Serve vLLM with multimodal flags enabled:

vllm serve C3DS/CARDS-Qwen3.5-9B-FP8 \
  --port 8000 \
  --max-model-len 8192 \
  --trust-remote-code \
  --limit-mm-per-prompt image=4 \
  --enable-prefix-caching \
  --served-model-name CARDS-Qwen3.5-9B

import base64, json, mimetypes
from pathlib import Path
from huggingface_hub import hf_hub_download
from openai import OpenAI

prompts = json.load(open(hf_hub_download("C3DS/CARDS-Qwen3.5-9B-FP8", "cards_prompts.json")))
slim_system_instruction = prompts["slim_system_instruction"]
cot_trigger             = prompts["cot_trigger"]

def image_part(path):
    p = Path(path)
    mime = mimetypes.guess_type(p)[0] or "image/png"
    b64 = base64.b64encode(p.read_bytes()).decode()
    return {"type": "image_url", "image_url": {"url": f"data:{mime};base64,{b64}"}}

client = OpenAI(base_url="http://localhost:8000/v1", api_key="dummy")

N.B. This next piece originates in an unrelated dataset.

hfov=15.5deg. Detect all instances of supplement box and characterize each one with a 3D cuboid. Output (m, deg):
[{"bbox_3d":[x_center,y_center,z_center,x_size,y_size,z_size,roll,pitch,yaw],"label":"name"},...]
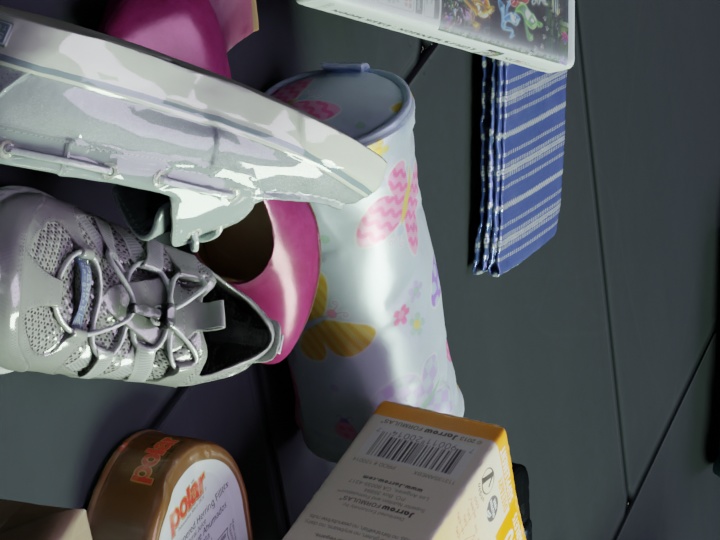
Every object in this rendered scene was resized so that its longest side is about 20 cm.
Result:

resp = client.chat.completions.create(
    model="CARDS-Qwen3.5-9B",
    messages=[
        {"role": "system", "content": slim_system_instruction},
        {"role": "user", "content": [
            {"type": "text", "text": "Read the image (and any caption below) and classify the climate claim it makes."},
            image_part("screenshot.png"),
            {"type": "text", "text": f"### Caption:\n<optional caption>\n\n{cot_trigger}"},
        ]},
    ],
    temperature=0,
    max_tokens=4000,
)
print(resp.choices[0].message.content)

Training & Quantization

Fine-tuning (inherited from the BF16 sibling)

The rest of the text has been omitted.